When I asked ChatGPT for games similar to the Persona Dancing series after taking a picture of the games on a shelf, it suggested other titles that are also music- and story-driven. That seems like a sensible answer since the Persona Dancing games are rhythm-based spin offs of the popular Persona Japanese roleplaying games. To find out that the GameBoy Color launched in 1998, all I had to do was snap a quick photo and ask when it was released. (For what it’s worth, I got similar results when asking the same questions in the ChatGPT app.)
Although I’ve been enjoying experimenting with Visual Intelligence so far, I feel like it would be far more useful when traveling. Being able to just point my iPhone at a landmark, store or restaurant to learn more about it would have come in handy during my trips to France and Scotland earlier this year. In a city I’m already familiar with, I don’t often find myself in quick demand for more information about nearby locations.
Read more: What I Learned After Swapping My Apple Watch for Samsung’s Galaxy Ring
Visual Intelligence and the future of phones
It feels impossible not to compare Visual Intelligence to Google Lens, which also lets you learn about the world around you by using your phone’s camera instead of typing in a search term.

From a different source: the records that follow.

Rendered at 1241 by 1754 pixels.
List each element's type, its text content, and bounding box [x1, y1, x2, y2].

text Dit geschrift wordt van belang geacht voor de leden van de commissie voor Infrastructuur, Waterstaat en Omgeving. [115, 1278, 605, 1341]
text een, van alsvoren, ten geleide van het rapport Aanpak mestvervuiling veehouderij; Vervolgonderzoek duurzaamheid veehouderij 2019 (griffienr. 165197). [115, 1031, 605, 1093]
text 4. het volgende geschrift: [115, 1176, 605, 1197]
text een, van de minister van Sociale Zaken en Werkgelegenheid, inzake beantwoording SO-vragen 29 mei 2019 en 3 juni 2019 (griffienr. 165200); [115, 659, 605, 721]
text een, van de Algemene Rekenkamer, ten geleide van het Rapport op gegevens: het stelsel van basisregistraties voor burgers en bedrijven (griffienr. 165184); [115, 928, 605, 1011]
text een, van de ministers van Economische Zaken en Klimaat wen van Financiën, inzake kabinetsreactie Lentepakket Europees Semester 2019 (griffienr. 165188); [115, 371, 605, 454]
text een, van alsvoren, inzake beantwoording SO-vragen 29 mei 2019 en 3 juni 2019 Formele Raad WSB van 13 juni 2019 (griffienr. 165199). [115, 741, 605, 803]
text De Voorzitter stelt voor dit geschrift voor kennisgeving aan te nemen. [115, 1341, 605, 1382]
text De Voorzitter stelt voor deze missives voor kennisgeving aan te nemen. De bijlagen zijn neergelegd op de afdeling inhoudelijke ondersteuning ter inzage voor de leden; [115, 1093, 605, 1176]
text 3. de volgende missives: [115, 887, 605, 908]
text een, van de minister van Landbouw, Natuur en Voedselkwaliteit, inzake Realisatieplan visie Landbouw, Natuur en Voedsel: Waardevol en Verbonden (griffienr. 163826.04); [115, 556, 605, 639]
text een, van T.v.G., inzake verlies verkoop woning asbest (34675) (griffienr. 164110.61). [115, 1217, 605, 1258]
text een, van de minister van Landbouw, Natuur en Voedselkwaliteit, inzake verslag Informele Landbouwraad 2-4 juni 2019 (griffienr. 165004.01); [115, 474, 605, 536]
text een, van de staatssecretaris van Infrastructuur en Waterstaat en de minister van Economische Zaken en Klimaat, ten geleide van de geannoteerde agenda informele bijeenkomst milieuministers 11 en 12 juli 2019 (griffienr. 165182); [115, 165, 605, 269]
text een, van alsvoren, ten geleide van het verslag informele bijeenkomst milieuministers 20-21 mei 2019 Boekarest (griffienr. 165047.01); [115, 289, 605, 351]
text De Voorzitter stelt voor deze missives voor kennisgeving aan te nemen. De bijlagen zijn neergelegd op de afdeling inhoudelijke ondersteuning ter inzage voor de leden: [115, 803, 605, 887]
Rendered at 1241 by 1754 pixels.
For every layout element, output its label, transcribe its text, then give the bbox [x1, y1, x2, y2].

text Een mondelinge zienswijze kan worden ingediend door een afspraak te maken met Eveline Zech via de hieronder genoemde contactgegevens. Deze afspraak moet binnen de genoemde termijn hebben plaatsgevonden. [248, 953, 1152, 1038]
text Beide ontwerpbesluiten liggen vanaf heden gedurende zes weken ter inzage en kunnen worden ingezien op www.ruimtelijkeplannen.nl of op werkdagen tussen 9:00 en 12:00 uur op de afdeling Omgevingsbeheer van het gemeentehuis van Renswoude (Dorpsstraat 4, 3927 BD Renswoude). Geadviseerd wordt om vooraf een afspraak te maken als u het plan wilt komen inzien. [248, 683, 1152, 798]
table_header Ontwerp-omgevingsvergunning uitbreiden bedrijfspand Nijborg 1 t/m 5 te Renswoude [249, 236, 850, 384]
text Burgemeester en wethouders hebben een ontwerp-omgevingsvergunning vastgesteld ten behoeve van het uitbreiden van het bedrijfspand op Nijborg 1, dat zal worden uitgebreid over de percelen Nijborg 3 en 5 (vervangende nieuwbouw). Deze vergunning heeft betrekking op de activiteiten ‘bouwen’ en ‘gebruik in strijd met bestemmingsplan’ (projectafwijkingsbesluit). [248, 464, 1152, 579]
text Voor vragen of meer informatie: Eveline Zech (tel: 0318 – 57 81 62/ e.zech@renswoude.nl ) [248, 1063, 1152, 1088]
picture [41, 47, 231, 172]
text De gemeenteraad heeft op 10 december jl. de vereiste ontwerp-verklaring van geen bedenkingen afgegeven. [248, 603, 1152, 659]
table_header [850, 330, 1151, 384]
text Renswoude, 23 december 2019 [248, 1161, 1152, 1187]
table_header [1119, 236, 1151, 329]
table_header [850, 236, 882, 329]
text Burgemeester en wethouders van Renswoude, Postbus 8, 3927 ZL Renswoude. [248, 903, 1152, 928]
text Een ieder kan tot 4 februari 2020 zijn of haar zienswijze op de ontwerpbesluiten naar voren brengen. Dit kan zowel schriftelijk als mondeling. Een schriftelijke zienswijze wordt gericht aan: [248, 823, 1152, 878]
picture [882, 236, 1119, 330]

In its current form (which, again, is an early preview meant for developers), Visual Intelligence almost feels like a dedicated Google Lens/ChatGPT button.
That can make it feel like it’s not new or different, considering Google Lens has existed for years. But the fact that this type of functionality is so important it’s getting its own button on the newest iPhone is telling. It indicates that Apple believes there may be a better way to search for and get things done on our phones.
Apple is far from alone in that conviction; Google, OpenAI, Qualcomm and startups like Rabbit all believe AI can put the camera to use in new ways on our mobile devices by making it more of a discovery tool rather than just a means of capturing photos. At its annual Snapdragon Summit this week, Qualcomm showed off a virtual assistant concept that uses the camera to do things like split the bill three ways at a restaurant based on a photo of the receipt.
The trick is getting regular people to adopt it. Even if it’s faster and more efficient, I’m betting muscle memory may prevent many from ditching the old ways of tapping and swiping in favor of snapping photos.
Building new habits takes time. But Visual Intelligence is only in an early preview stage, so there’s much more to come.